They should equally consider the mitigating factors in favour of life imprisonment, says Bench.

February 09, 2022 11:57 pm | Updated 11:57 pm IST - NEW DELHI

Do not prescribe death penalty with an eye only on the abhorrence of the crime, equally consider factors that can help the prisoner keep his life, the Supreme Court told judges across the country in a verdict on Wednesday.

In a judgment which may become a significant precedent to the anti-death penalty cause, the apex court said trial judges should not be swayed in favour of death penalty merely because of the dreadful nature of the crime and its harmful impact on the society. They should equally consider the mitigating factors in favour of life imprisonment.

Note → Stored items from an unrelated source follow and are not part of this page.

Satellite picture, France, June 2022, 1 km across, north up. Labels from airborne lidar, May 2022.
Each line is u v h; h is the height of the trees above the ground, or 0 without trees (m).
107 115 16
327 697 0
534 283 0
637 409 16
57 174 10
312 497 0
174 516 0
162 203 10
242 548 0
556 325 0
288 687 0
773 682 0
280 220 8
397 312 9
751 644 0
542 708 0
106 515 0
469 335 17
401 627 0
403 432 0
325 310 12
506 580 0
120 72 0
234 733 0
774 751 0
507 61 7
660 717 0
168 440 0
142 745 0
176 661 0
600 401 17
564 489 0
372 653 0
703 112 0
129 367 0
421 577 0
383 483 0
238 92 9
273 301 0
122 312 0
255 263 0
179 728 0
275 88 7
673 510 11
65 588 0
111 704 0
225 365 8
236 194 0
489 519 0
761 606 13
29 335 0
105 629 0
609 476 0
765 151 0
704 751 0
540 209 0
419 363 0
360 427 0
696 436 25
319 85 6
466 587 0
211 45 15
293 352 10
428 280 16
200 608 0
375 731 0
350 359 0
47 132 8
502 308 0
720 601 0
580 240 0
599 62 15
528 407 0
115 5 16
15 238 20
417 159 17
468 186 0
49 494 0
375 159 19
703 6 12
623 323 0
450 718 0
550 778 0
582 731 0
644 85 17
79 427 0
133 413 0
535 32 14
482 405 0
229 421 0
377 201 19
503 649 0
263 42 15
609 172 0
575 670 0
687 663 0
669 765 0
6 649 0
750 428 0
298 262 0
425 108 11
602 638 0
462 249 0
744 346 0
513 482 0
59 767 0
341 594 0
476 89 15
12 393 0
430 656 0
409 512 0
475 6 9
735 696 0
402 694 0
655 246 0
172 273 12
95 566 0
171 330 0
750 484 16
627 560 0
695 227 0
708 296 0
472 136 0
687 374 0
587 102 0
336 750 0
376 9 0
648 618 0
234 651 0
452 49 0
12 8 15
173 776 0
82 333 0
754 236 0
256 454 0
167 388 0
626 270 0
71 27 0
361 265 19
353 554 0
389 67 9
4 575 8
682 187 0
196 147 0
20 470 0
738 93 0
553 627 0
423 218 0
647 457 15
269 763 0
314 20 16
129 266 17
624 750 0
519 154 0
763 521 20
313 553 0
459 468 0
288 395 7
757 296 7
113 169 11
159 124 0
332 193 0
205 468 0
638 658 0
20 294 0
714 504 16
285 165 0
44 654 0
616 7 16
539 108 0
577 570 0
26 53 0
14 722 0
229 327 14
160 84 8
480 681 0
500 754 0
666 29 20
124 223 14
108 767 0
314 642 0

The judgment by a three-judge Bench led by Justice A.M. Khanwilkar came in the rape and murder of a seven-year-old. The court commuted the death penalty of the convict to life imprisonment.

‘Preservation of human life’

Justice Dinesh Maheshwari, who authored the judgment, referred to the evolution of the principles of penology. Justice Maheshwari said penology had grown to accommodate the philosophy of "preservation of human life".

Justice Maheshwari noted that though capital punishment serves as a deterrent and a "response to the society’s call for appropriate punishment in appropriate cases", the principles of penology have "evolved to balance the other obligations of the society, i.e., of preserving the human life, be it of accused, unless termination thereof is inevitable and is to serve the other societal causes and collective conscience of society".

Today, judiciary has other options to death penalty, the court noted.

These could include life imprisonment without remission or premature release, particularly while dealing with heinous crimes. These are midway approaches devised through the delicate balancing of the judicial process in cases involving heinous crimes.

‘Intense remarks’

In the current case, the apex court noted that both the lower courts made "intense remarks" about the abhorrence of the crime but did not carefully consider the mitigating factors in favour of the accused before sentencing him to death.

Justice Maheshwari said the courts should have given "due consideration to the equally relevant aspect pertaining to mitigating factors before arriving at a conclusion that option of any other punishment than the capital one was foreclosed".

Justice Maheshwari said had the courts looked, they would have found hope for the convict's reformation in the mitigating circumstances of the convict, who was no hardened criminal, had an unblemished jail conduct, a young family and an aged father.

"It would be unsafe to treat this case as falling in ‘rarest of rare’ category," Justice Maheshwari noted.